Action item:
Include in the output the line containing "Asked: Say whether the running" and each subsequent line of the records, through the end, transcribed exactly. Add nothing else.

Task material:
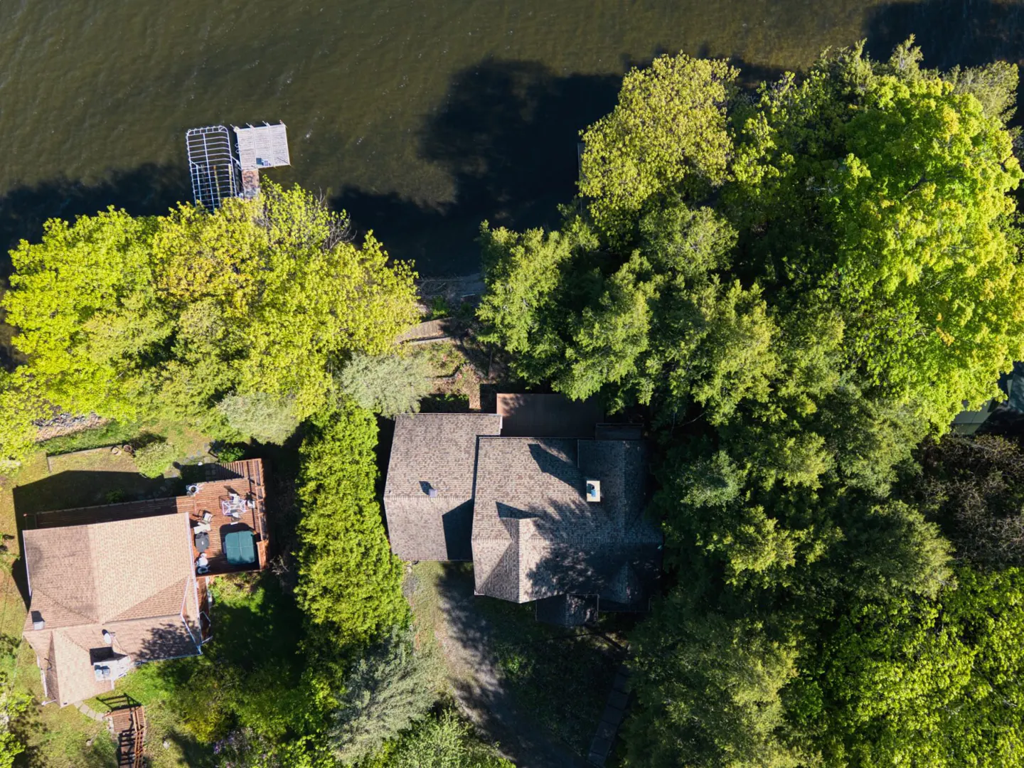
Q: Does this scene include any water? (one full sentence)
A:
Yes, there's water in this view.
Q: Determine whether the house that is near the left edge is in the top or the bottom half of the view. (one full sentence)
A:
The house that is near the left edge is in the bottom half of the image.
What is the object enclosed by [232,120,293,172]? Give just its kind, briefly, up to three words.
pier
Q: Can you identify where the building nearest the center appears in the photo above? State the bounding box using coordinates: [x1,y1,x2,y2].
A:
[387,393,663,631]
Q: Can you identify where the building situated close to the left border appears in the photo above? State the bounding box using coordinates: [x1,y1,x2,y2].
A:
[20,459,274,710]
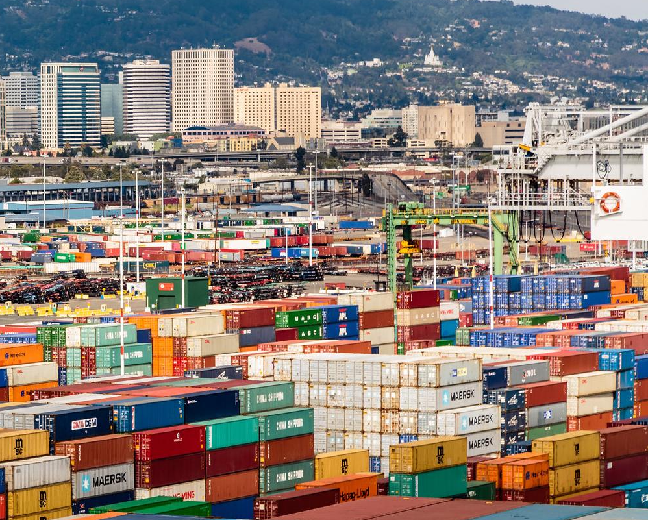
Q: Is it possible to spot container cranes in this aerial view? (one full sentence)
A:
Yes, the image includes a container crane.
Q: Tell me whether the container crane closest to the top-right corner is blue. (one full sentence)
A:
No, the container crane closest to the top-right corner is actually white.
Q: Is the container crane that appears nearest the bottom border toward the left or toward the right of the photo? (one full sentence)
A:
It is on the right.
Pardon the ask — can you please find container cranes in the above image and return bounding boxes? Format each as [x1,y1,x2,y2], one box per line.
[378,193,523,335]
[481,101,648,242]
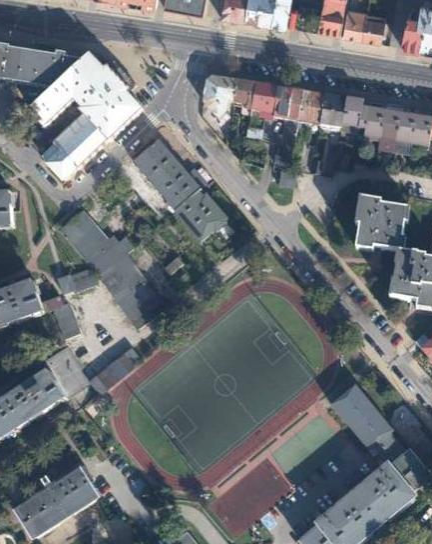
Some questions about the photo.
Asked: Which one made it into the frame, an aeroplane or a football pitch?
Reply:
football pitch
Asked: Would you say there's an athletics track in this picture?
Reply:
Yes
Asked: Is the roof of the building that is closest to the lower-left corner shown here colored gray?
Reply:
Yes
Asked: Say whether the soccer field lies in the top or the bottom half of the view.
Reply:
bottom
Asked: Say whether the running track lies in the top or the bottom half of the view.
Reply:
bottom
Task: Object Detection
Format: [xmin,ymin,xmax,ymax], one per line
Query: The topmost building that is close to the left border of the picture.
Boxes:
[0,43,69,89]
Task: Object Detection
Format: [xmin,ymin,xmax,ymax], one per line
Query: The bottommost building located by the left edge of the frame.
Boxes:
[12,465,99,540]

Task solution:
Asked: Say whether the running track lies in the top or the bottom half of the view.
Reply:
bottom
Task: Object Detection
Format: [xmin,ymin,xmax,ymax], one per line
Query: The topmost building that is close to the left border of the picture.
Boxes:
[0,43,69,89]
Task: Object Detection
Format: [xmin,ymin,xmax,ymax], one per line
Query: The bottommost building located by the left edge of the frame.
Boxes:
[12,465,99,540]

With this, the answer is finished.